**ABOUT THIS TASK**
Among the lines of data below, reproduce only those from the one with "You are a GUI" through the one with "Task: Find the", exactly as they stand, both ends included.

*** LISTED RECORDS Section Begins ***

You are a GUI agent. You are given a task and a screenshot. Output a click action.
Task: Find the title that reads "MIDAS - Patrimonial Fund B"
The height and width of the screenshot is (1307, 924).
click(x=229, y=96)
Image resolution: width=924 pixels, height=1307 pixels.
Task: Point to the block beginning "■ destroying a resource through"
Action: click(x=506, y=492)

*** LISTED RECORDS Section Ends ***
*** LISTED RECORDS Section Begins ***

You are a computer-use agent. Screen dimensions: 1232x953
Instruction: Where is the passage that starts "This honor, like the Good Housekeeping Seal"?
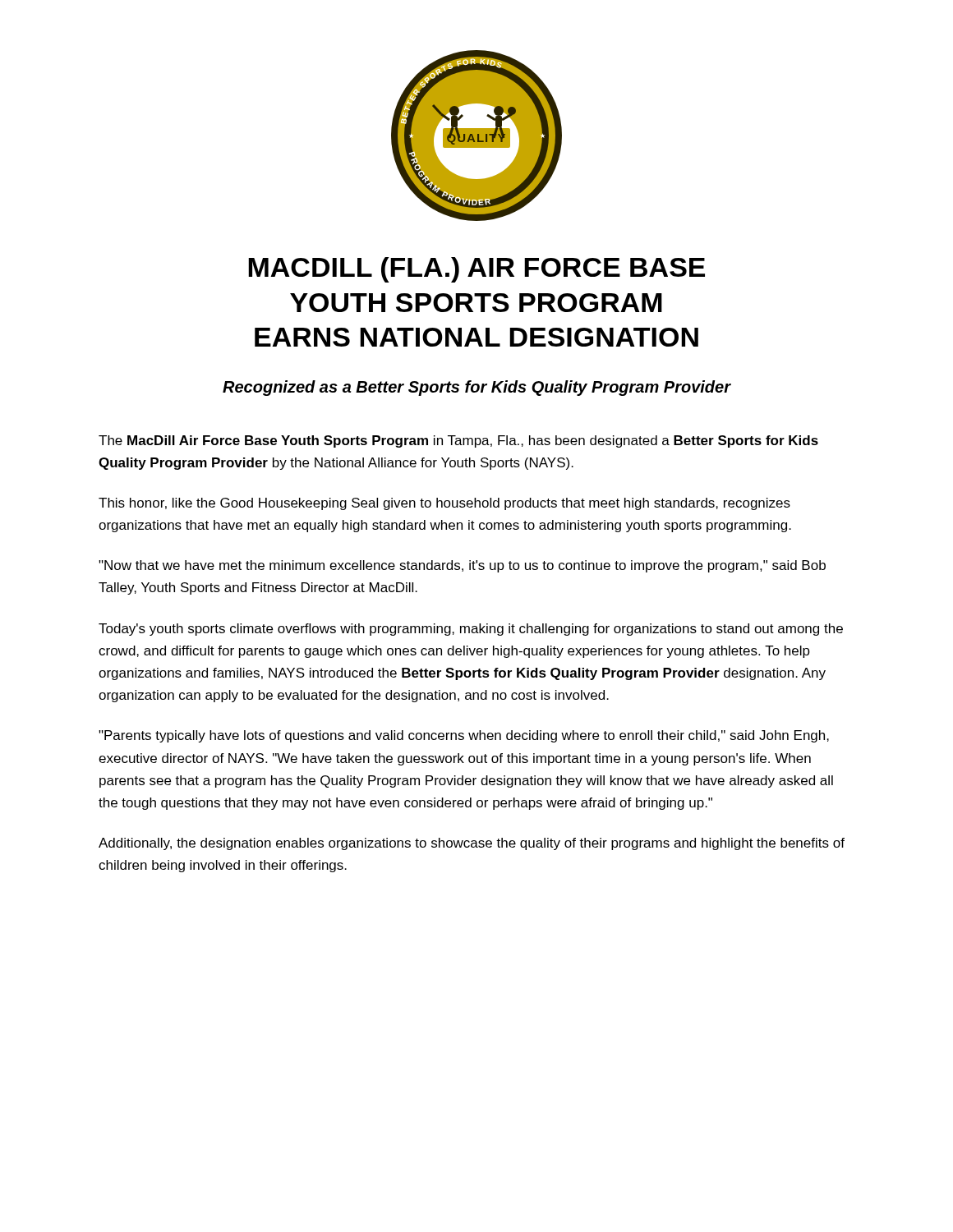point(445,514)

*** LISTED RECORDS Section Ends ***

**EXERCISE OUTPUT**
You are a GUI agent. You are given a task and a screenshot. Output a click action.
Task: Find the title that reads "MIDAS - Patrimonial Fund B"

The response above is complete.